Does this have anything to do with nccl vs gloo? Can I force a gloo backend to get DDP working in detectron2?

Are there changes I would have to make to get this working in Windows?

I believe it would involve changes to detectron2\engine\launch.py

Would it be something like:

dist.init_process_group(backend=“gloo”, init_method=file:///c:/libtmp/test.txt, world_size=world_size, rank=global_rank)

Thank you posting the benchmark results. I am trying to reproduce the same results ourselves in my Windows environment but I am not able to see the same speed-up you get. Are you using an open benchmark? Or even if you could give us a few pointers on the ImageNet algo, training set and parameters it would be very appreciated. Thank you!

Hi folks, can anyone provide any guidance/point me at any links so I can understand more of what happens when (GPU-enabled) PyTorch is run on Windows 10 with 2 GPUs?

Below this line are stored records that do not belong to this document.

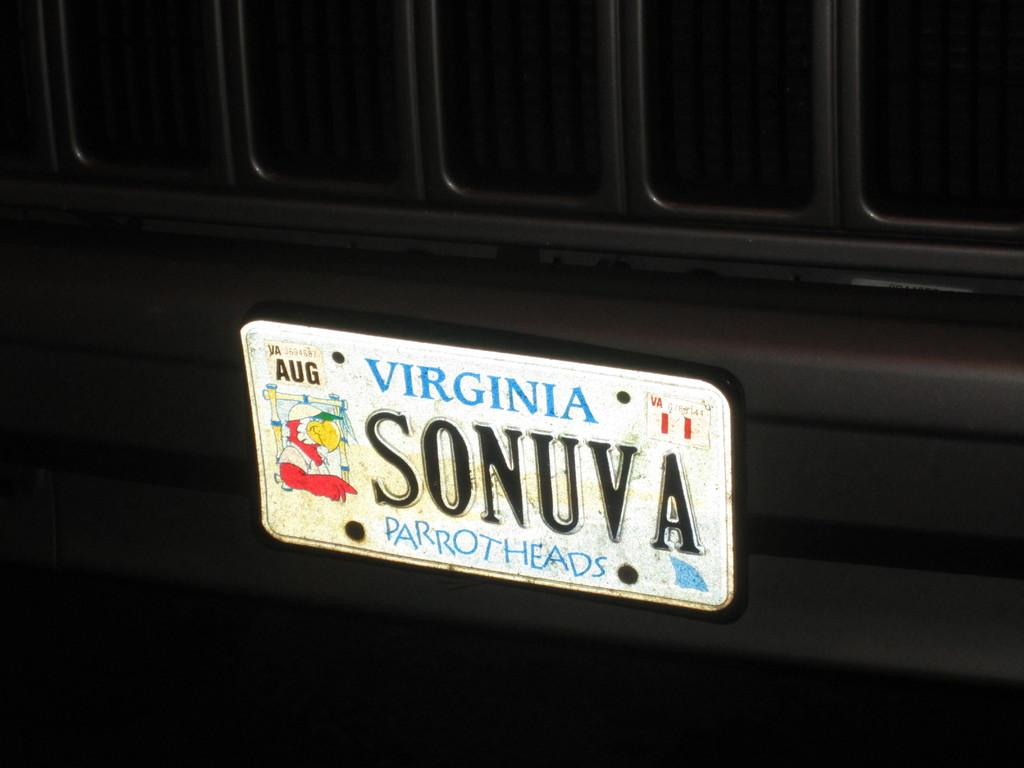<image>
Share a concise interpretation of the image provided. License plate from Virginia that says parrot heads. 
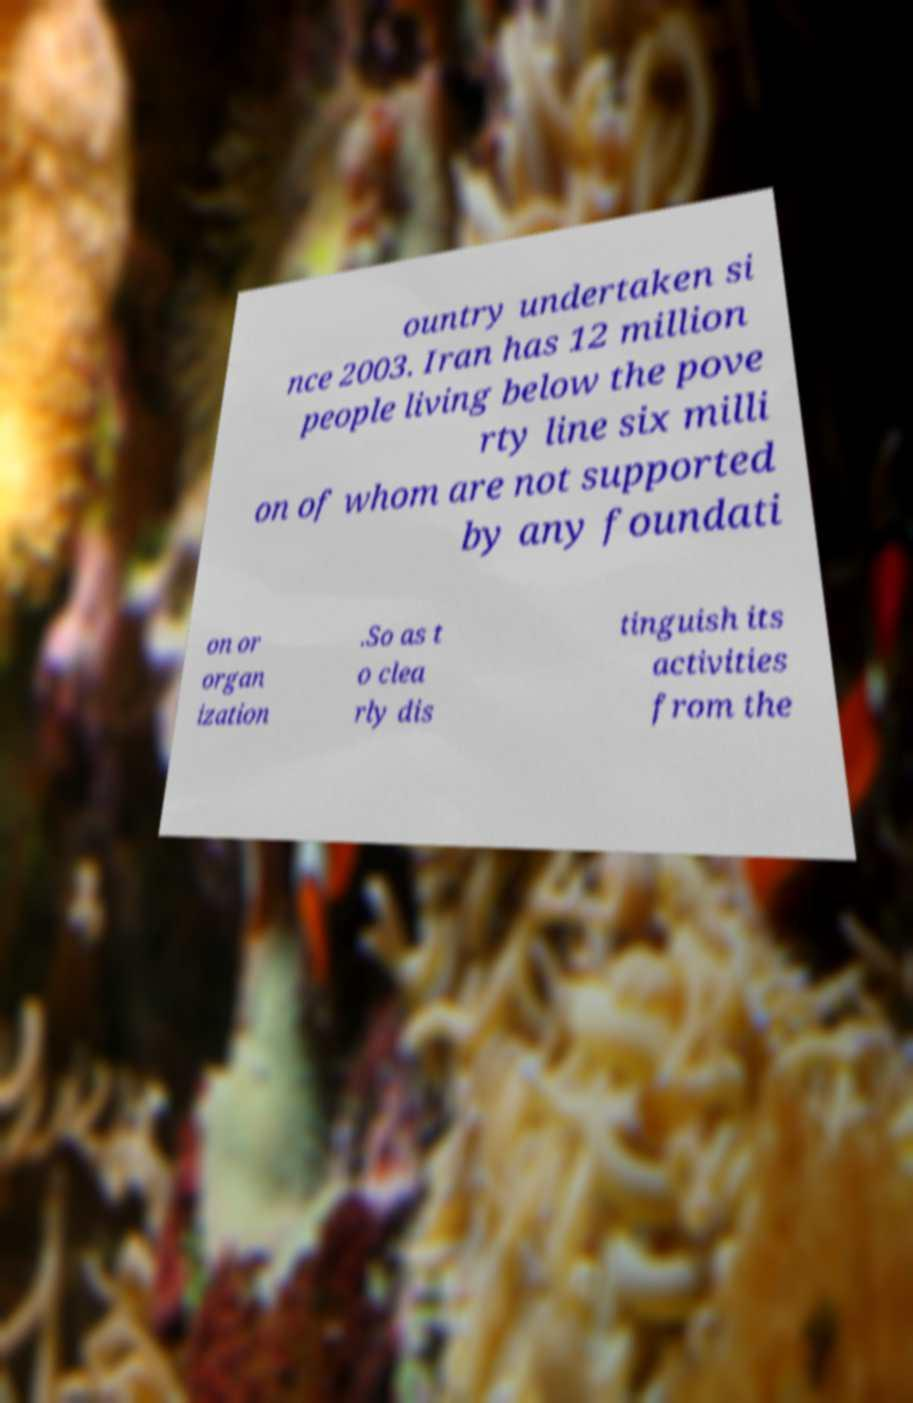What messages or text are displayed in this image? I need them in a readable, typed format. ountry undertaken si nce 2003. Iran has 12 million people living below the pove rty line six milli on of whom are not supported by any foundati on or organ ization .So as t o clea rly dis tinguish its activities from the 
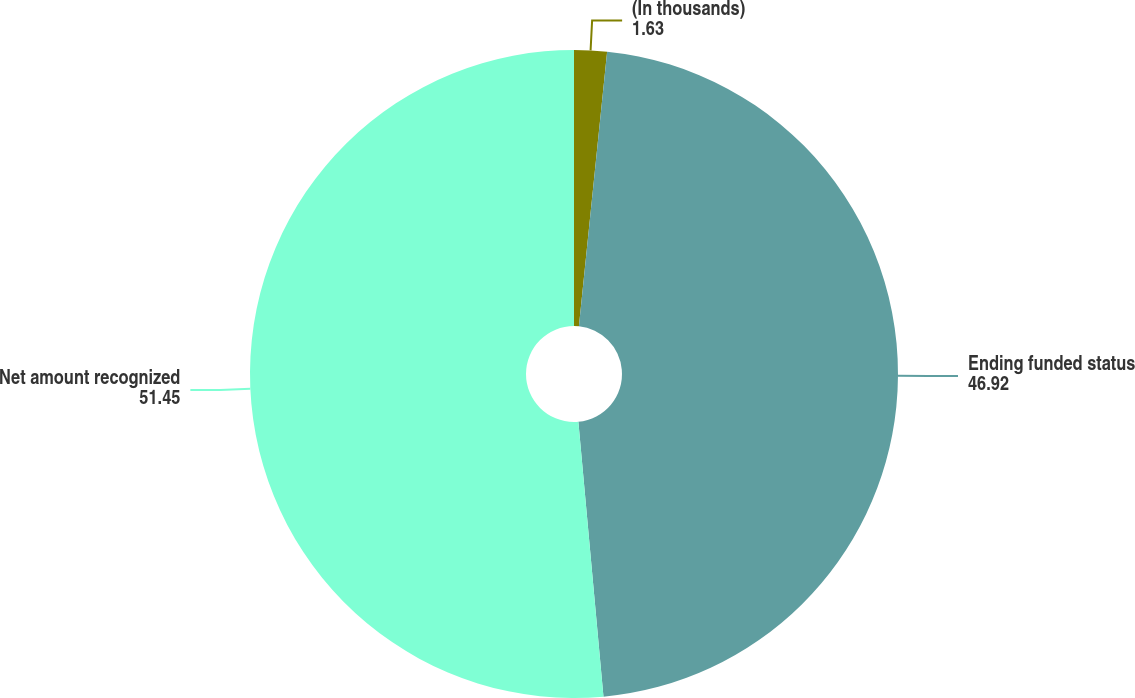<chart> <loc_0><loc_0><loc_500><loc_500><pie_chart><fcel>(In thousands)<fcel>Ending funded status<fcel>Net amount recognized<nl><fcel>1.63%<fcel>46.92%<fcel>51.45%<nl></chart>

I am doing an NLP project using the HuggingFace libraries and when I run it I get the warning UserWarning: PyTorch is not compiled with NCCL support which I can understand from discussion in this thread is (still) to be expected on Windows until NCCL is available.

So I run the script to run training on my model and looking at the performance tab of Task Manager, both GPU 0 and GPU 1 jump from effectively 0 memory usage to approximately similar 18GB of 24B on each GPU. Should I expect that both GPUs get busy given the NCCL issue above? Both GPUs seem busy, so what is happening?

Any clues very much appreciated!!!

And by the way, it is not my machine, I am remoting into it so not an option to install Linux to avoid Windows 10. That said, the owner of the machine has said he is happy to temporarily physically remove one of the GPUs so at least I would have more certainty of what is going on with only 1 GPU on Windows.

Have physically unistalled one GPU so problem over I hope.

Could you share your windows multi-gpu training code? I can not training with multi-gpu with DDP

Has your code worked?

os.environ['CUDA_VISIBLE_DEVICES'] = "0"

You can always use this in your train.py file to control which device is accessible to Pytorch.